Relikwia, bomba i mozaika

"To będą takie Łagiewniki Północy albo druga Częstochowa. Dzięki cudowi eucharystycznemu miliony ludzi przejdzie przez próg naszej świątyni" - mówią kobiety spotkane w pobliżu kościoła. Sokólski kościół ma już jedną cenną relikwię, to znajdujący się w bocznej nawie obraz Miłosierdzia Bożego.


Starsze pokolenie pamięta też historię, jaka przytrafiła się kościołowi św. Antoniego w czasie II wojny światowej. Podłożone przez Niemców ładunki wybuchowe nie zostały jednak odpalone. Od zagłady uratował świątynię ks. Stanisław Fiedorczuk, żołnierz Armii Krajowej. Mieszkańcy Sokółki skomentowali tamto wydarzenie jednym słowem - "cud". Tak samo mówiono o innym zdarzeniu z czasów wojny. Na prowadzące do kościoła schody upadła zrzucona przez samolot bomba. Nikt nie wie, dlaczego nie wybuchła. Pocisk rozbroił Rosjanin, który za solidnie wykonaną robotę kazał sobie zapłacić wódką.

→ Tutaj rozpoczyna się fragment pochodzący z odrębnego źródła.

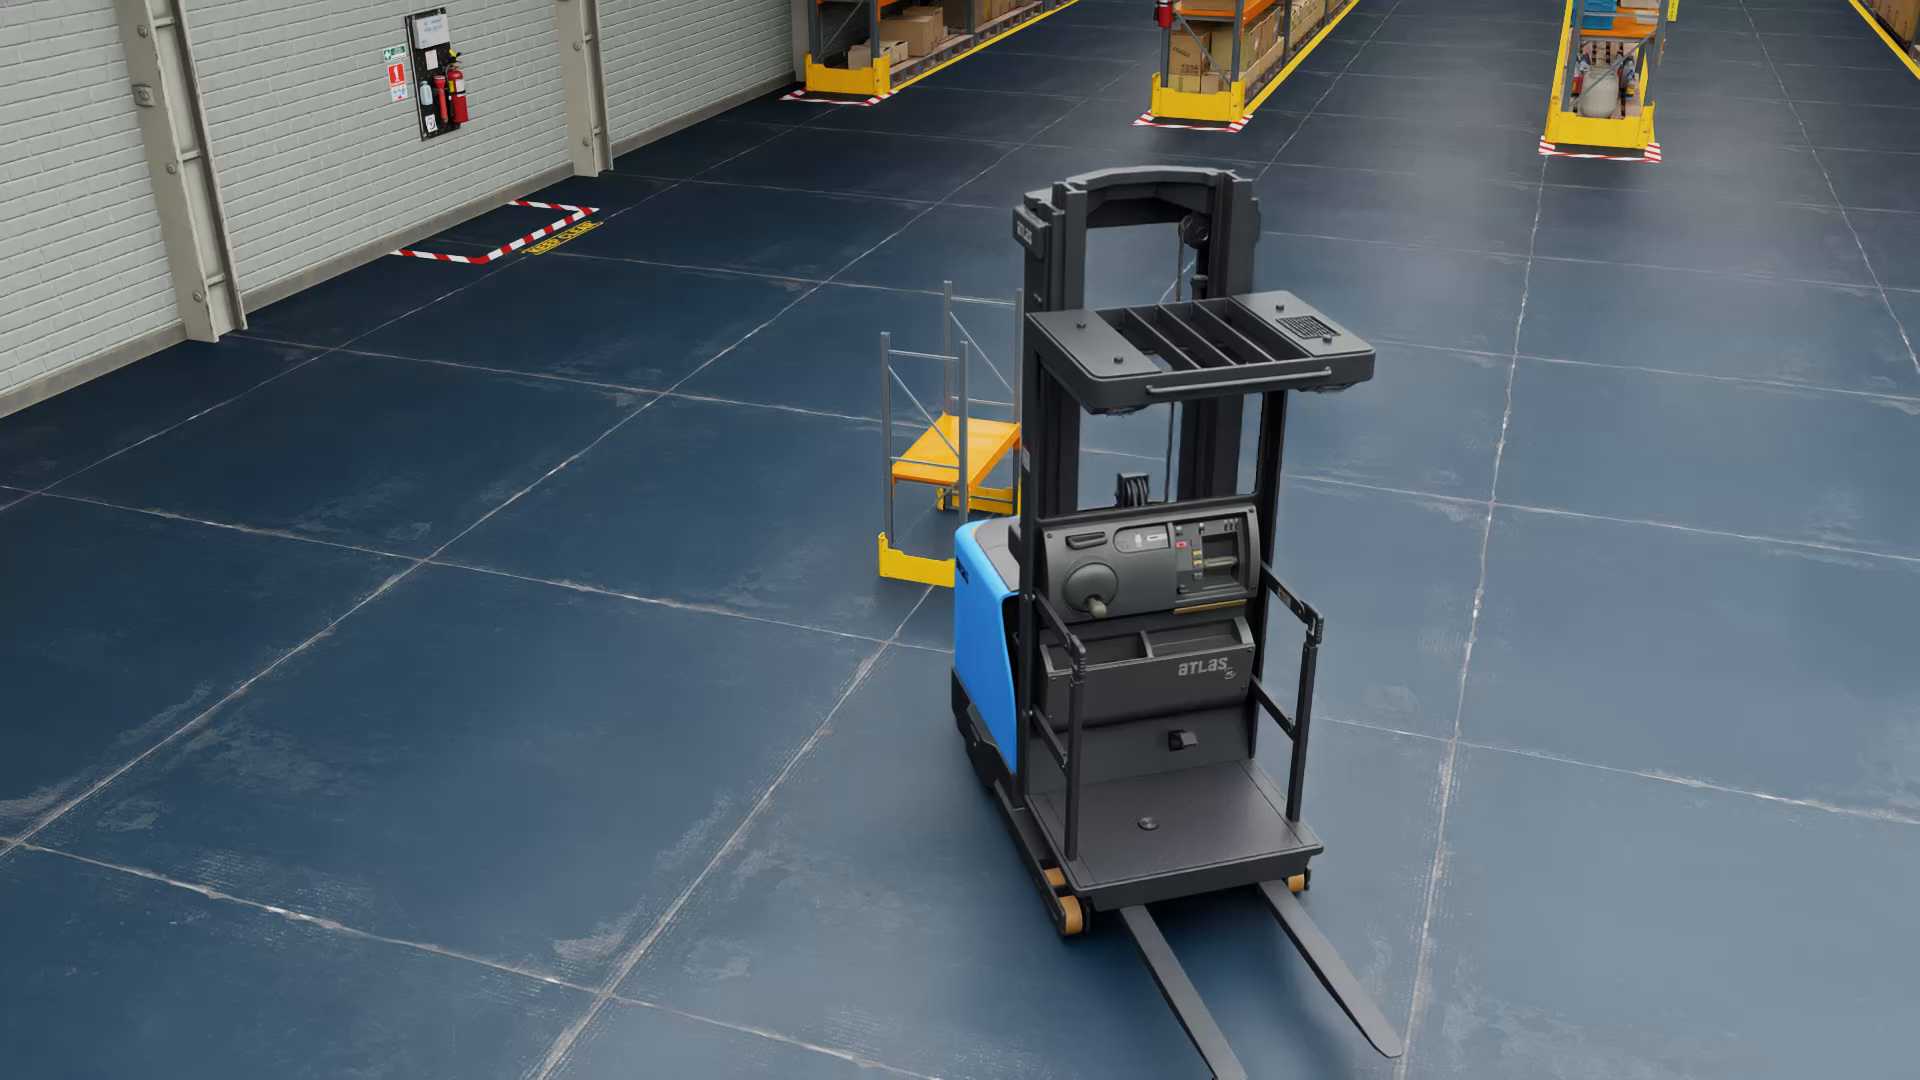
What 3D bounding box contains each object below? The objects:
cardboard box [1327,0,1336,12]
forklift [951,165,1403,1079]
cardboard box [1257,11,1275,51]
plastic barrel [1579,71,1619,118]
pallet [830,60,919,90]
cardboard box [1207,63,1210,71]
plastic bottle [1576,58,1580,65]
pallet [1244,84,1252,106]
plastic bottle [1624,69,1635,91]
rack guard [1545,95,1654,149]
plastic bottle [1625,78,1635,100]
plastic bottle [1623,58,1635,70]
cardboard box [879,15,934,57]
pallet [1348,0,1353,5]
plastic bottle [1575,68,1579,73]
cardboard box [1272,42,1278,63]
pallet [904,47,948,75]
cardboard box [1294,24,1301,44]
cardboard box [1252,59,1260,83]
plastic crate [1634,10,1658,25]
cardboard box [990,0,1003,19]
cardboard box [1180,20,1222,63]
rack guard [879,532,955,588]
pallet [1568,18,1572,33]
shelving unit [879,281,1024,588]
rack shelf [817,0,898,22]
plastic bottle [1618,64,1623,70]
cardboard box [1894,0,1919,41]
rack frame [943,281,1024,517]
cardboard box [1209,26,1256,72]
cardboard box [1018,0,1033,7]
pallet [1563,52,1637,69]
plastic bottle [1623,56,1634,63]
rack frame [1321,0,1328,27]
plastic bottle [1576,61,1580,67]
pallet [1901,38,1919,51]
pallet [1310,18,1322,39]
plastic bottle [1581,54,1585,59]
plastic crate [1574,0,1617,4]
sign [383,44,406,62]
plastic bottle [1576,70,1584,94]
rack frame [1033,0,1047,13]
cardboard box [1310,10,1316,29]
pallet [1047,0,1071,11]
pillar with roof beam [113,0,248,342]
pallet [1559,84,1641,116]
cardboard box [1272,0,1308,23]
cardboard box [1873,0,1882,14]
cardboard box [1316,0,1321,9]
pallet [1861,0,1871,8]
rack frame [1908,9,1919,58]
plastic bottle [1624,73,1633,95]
[{"bbox_3d":[6.165,-9.374,28.532,0.500,0.500,0.500,10,28,20],"label":"cardboard box"},{"bbox_3d":[0.851,0.125,6.628,1.130,2.935,3.031,-7,27,-14],"label":"forklift"},{"bbox_3d":[4.125,-7.169,23.426,0.500,0.500,0.500,9,27,17],"label":"cardboard box"},{"bbox_3d":[7.899,-5.499,20.538,0.421,0.512,0.421,0,26,0],"label":"plastic barrel"},{"bbox_3d":[-1.262,-6.690,23.824,1.003,0.211,1.213,9,27,17],"label":"pallet"},{"bbox_3d":[3.137,-6.290,22.472,0.500,0.250,0.500,9,27,17],"label":"cardboard box"},{"bbox_3d":[8.360,-6.448,22.661,0.144,0.351,0.185,8,27,15],"label":"plastic bottle"},{"bbox_3d":[3.297,-5.933,22.262,1.003,0.211,1.213,9,27,17],"label":"pallet"},{"bbox_3d":[8.864,-6.083,21.998,0.097,0.271,0.097,0,26,0],"label":"plastic bottle"},{"bbox_3d":[7.733,-5.061,20.129,1.175,0.500,0.348,9,27,17],"label":"rack guard"},{"bbox_3d":[8.649,-5.818,21.450,0.097,0.271,0.097,0,26,0],"label":"plastic bottle"},{"bbox_3d":[8.969,-6.279,22.312,0.144,0.351,0.185,9,27,17],"label":"plastic bottle"},{"bbox_3d":[-0.794,-7.457,24.574,0.700,0.500,0.500,7,27,14],"label":"cardboard box"},{"bbox_3d":[6.840,-10.204,31.084,1.003,0.211,1.213,9,27,17],"label":"pallet"},{"bbox_3d":[8.105,-6.095,22.017,0.152,0.276,0.135,8,27,16],"label":"plastic bottle"},{"bbox_3d":[4.289,-7.037,24.015,0.500,0.250,0.500,9,27,17],"label":"cardboard box"},{"bbox_3d":[-0.854,-7.189,24.856,1.003,0.211,1.213,9,27,17],"label":"pallet"},{"bbox_3d":[4.952,-7.803,25.597,0.500,0.250,0.500,9,27,19],"label":"cardboard box"},{"bbox_3d":[3.800,-6.419,22.738,0.500,0.250,0.500,9,27,17],"label":"cardboard box"},{"bbox_3d":[8.353,-6.350,20.226,0.298,0.136,0.250,9,27,17],"label":"plastic crate"},{"bbox_3d":[0.302,-9.030,27.821,0.700,0.500,0.500,9,27,18],"label":"cardboard box"},{"bbox_3d":[3.299,-6.833,22.734,0.500,0.500,0.500,9,27,17],"label":"cardboard box"},{"bbox_3d":[-0.191,0.123,9.708,0.587,0.250,0.087,9,27,17],"label":"rack guard"},{"bbox_3d":[10.637,-8.511,27.585,1.003,0.211,1.213,9,27,17],"label":"pallet"},{"bbox_3d":[-0.025,-0.644,9.858,0.587,1.500,1.083,9,27,17],"label":"shelving unit"},{"bbox_3d":[-0.925,-8.083,24.327,1.077,0.370,4.000,9,27,17],"label":"rack shelf"},{"bbox_3d":[8.864,-6.253,22.336,0.061,0.283,0.133,9,27,17],"label":"plastic bottle"},{"bbox_3d":[15.334,-8.231,25.763,1.225,0.875,0.875,7,27,15],"label":"cardboard box"},{"bbox_3d":[0.141,-0.849,10.282,0.500,1.500,0.032,9,27,17],"label":"rack frame"},{"bbox_3d":[3.635,-6.551,22.150,0.500,0.500,0.500,9,27,17],"label":"cardboard box"},{"bbox_3d":[0.881,-9.642,29.085,0.700,0.500,0.500,9,27,18],"label":"cardboard box"},{"bbox_3d":[9.308,-6.865,24.187,1.003,0.211,1.213,9,27,17],"label":"pallet"},{"bbox_3d":[9.140,-6.491,22.749,0.144,0.351,0.185,8,27,16],"label":"plastic bottle"},{"bbox_3d":[5.744,-10.155,27.783,1.000,3.000,0.127,9,27,17],"label":"rack frame"},{"bbox_3d":[8.347,-6.347,22.542,0.097,0.271,0.097,0,26,0],"label":"plastic bottle"},{"bbox_3d":[15.418,-7.775,26.067,1.003,0.211,1.213,9,27,17],"label":"pallet"},{"bbox_3d":[5.433,-8.568,27.703,1.003,0.211,1.213,9,27,17],"label":"pallet"},{"bbox_3d":[8.582,-6.548,22.944,0.061,0.283,0.133,9,27,17],"label":"plastic bottle"},{"bbox_3d":[7.858,-6.596,20.602,0.499,0.251,0.408,9,27,17],"label":"plastic crate"},{"bbox_3d":[-5.300,-4.565,15.587,0.001,0.109,0.331,9,27,17],"label":"sign"},{"bbox_3d":[8.160,-6.026,21.866,0.061,0.283,0.133,9,27,17],"label":"plastic bottle"},{"bbox_3d":[1.072,-10.872,29.263,1.000,3.000,0.127,9,27,17],"label":"rack frame"},{"bbox_3d":[5.461,-8.437,26.906,0.500,0.250,0.500,9,27,19],"label":"cardboard box"},{"bbox_3d":[1.405,-9.930,30.517,1.003,0.211,1.213,9,27,17],"label":"pallet"},{"bbox_3d":[-2.107,-5.142,10.544,9.100,9.000,0.400,9,27,17],"label":"pillar with roof beam"},{"bbox_3d":[8.416,-5.764,21.912,1.003,0.211,1.213,9,27,17],"label":"pallet"},{"bbox_3d":[5.128,-8.267,25.912,0.500,0.311,0.500,8,27,16],"label":"cardboard box"},{"bbox_3d":[16.222,-9.328,28.030,1.225,0.875,0.875,9,27,18],"label":"cardboard box"},{"bbox_3d":[5.635,-8.894,27.207,0.500,0.311,0.500,8,27,17],"label":"cardboard box"},{"bbox_3d":[17.147,-9.910,30.476,1.003,0.211,1.213,9,27,17],"label":"pallet"},{"bbox_3d":[15.085,-8.717,24.812,1.000,3.000,0.127,9,27,17],"label":"rack frame"},{"bbox_3d":[8.763,-5.959,21.741,0.097,0.271,0.097,0,26,0],"label":"plastic bottle"}]
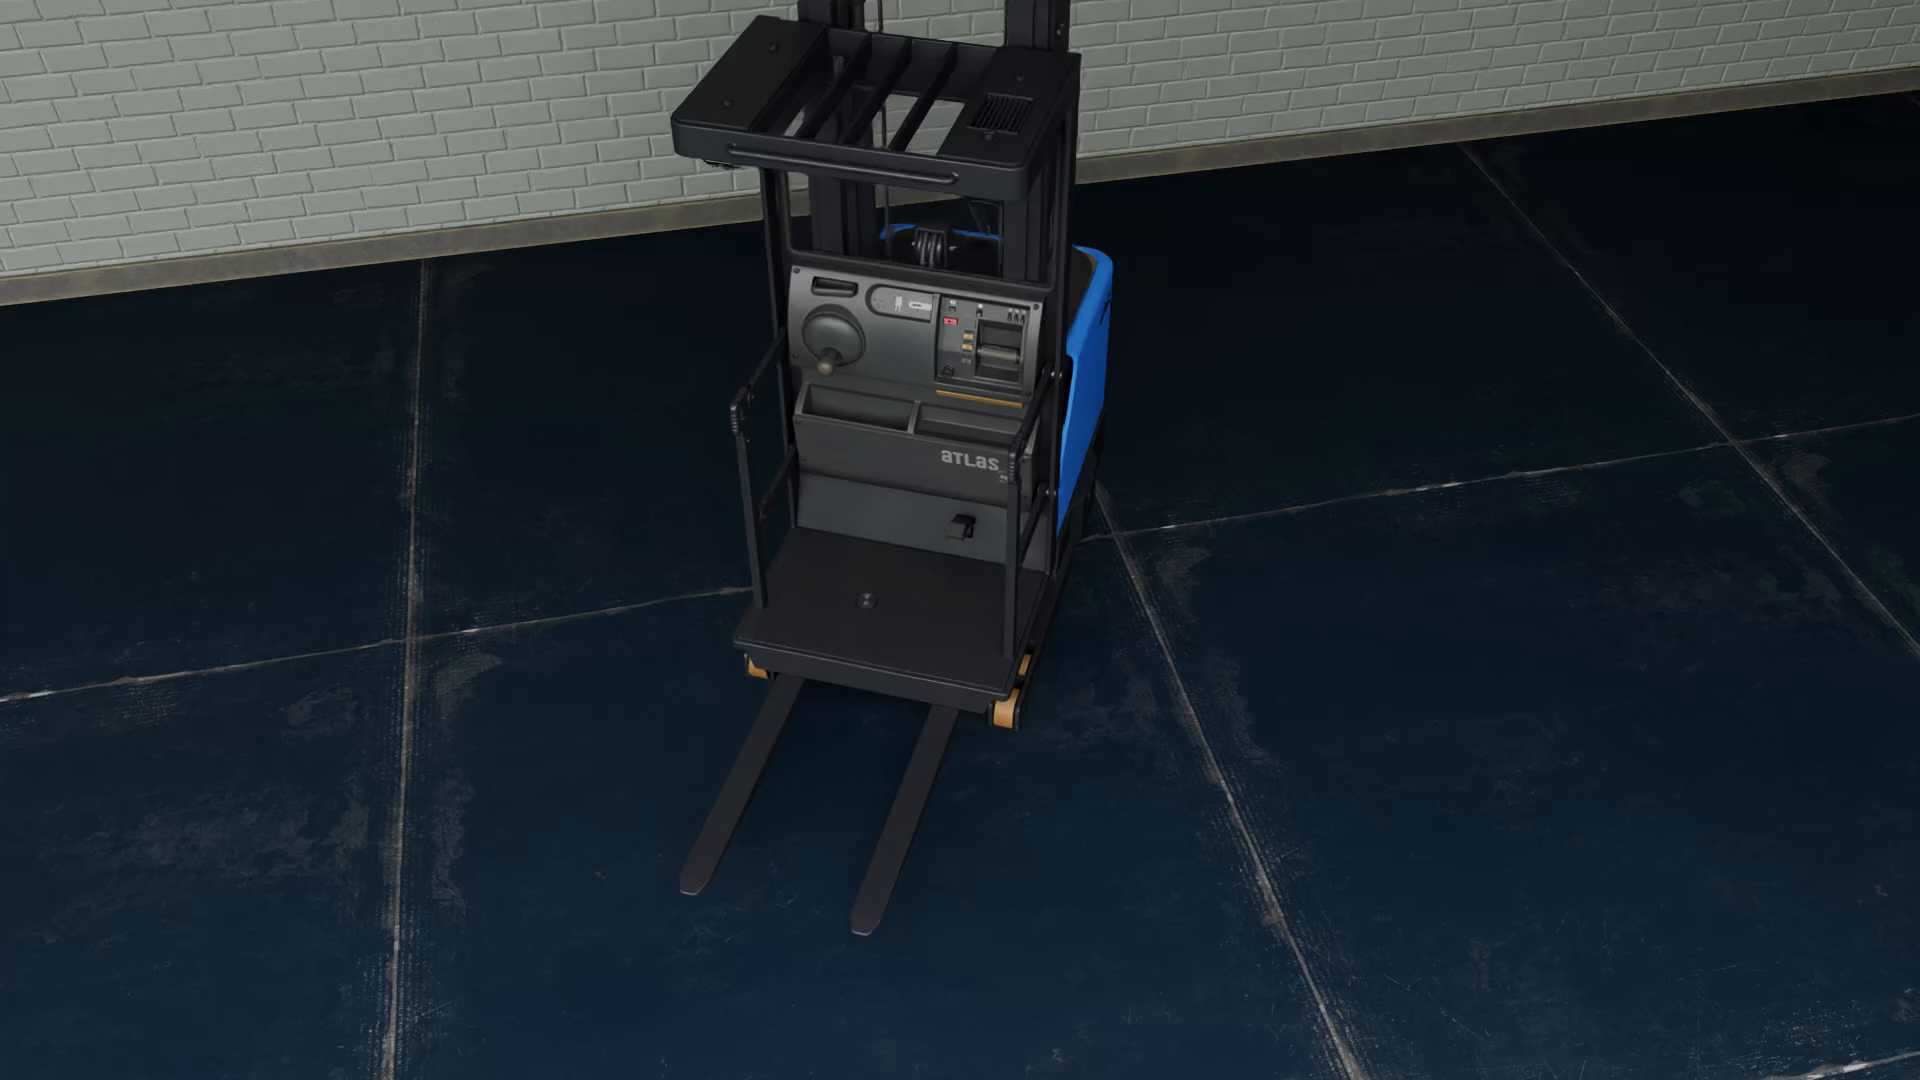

Była też inna dziwna historia z sokólskim kościołem w roli głównej. W drugiej połowie lat 80. po mieście krążyła wiadomość, że z mozaiką umieszczoną na frontonie świątyni dzieją się niesamowite rzeczy.

"Mówiło się, że na twarzy Matki Boskiej pojawiły się rysy podobne do tych z oblicza Czarnej Madonny i kiedy dojdą one do serca, nastąpi koniec świata. Potem okazało się, że to nie był żaden cud, tylko zwykłe ludzkie gadanie. Teraz to zupełnie co innego" - podkreśla starszy mężczyzna.

Zdarzenie z kościoła św. Antoniego porównywane jest z tym, co stało się we włoskiej miejscowości Lanciano w VIII w. W rękach odprawiającego mszę kapłana hostia przemieniła się w ciało, a wino zastygło w bryłki krwi. Kościół uznał to za cud eucharystyczny. W 1970 r. ponownie zbadano relikwie. Badanie potwierdziło, że ciało przemienione z hostii to fragment ludzkiego mięśnia sercowego. "Nie mam najmniejszych wątpliwości, że u nas też tak będzie. Modlę się o to gorąco" - przyznaje młoda dziewczyna.

Tymczasem mieszkańcy karmią się każdą nową informacją. Jedni są w stanie uwierzyć we wszystko, a inni przekonują, że żadnego cudu nie było.

Ile ludzi, tyle teorii. Bo w Sokółce każdy chce mieć własne zdanie. Nawet jeżeli chodzi o cud.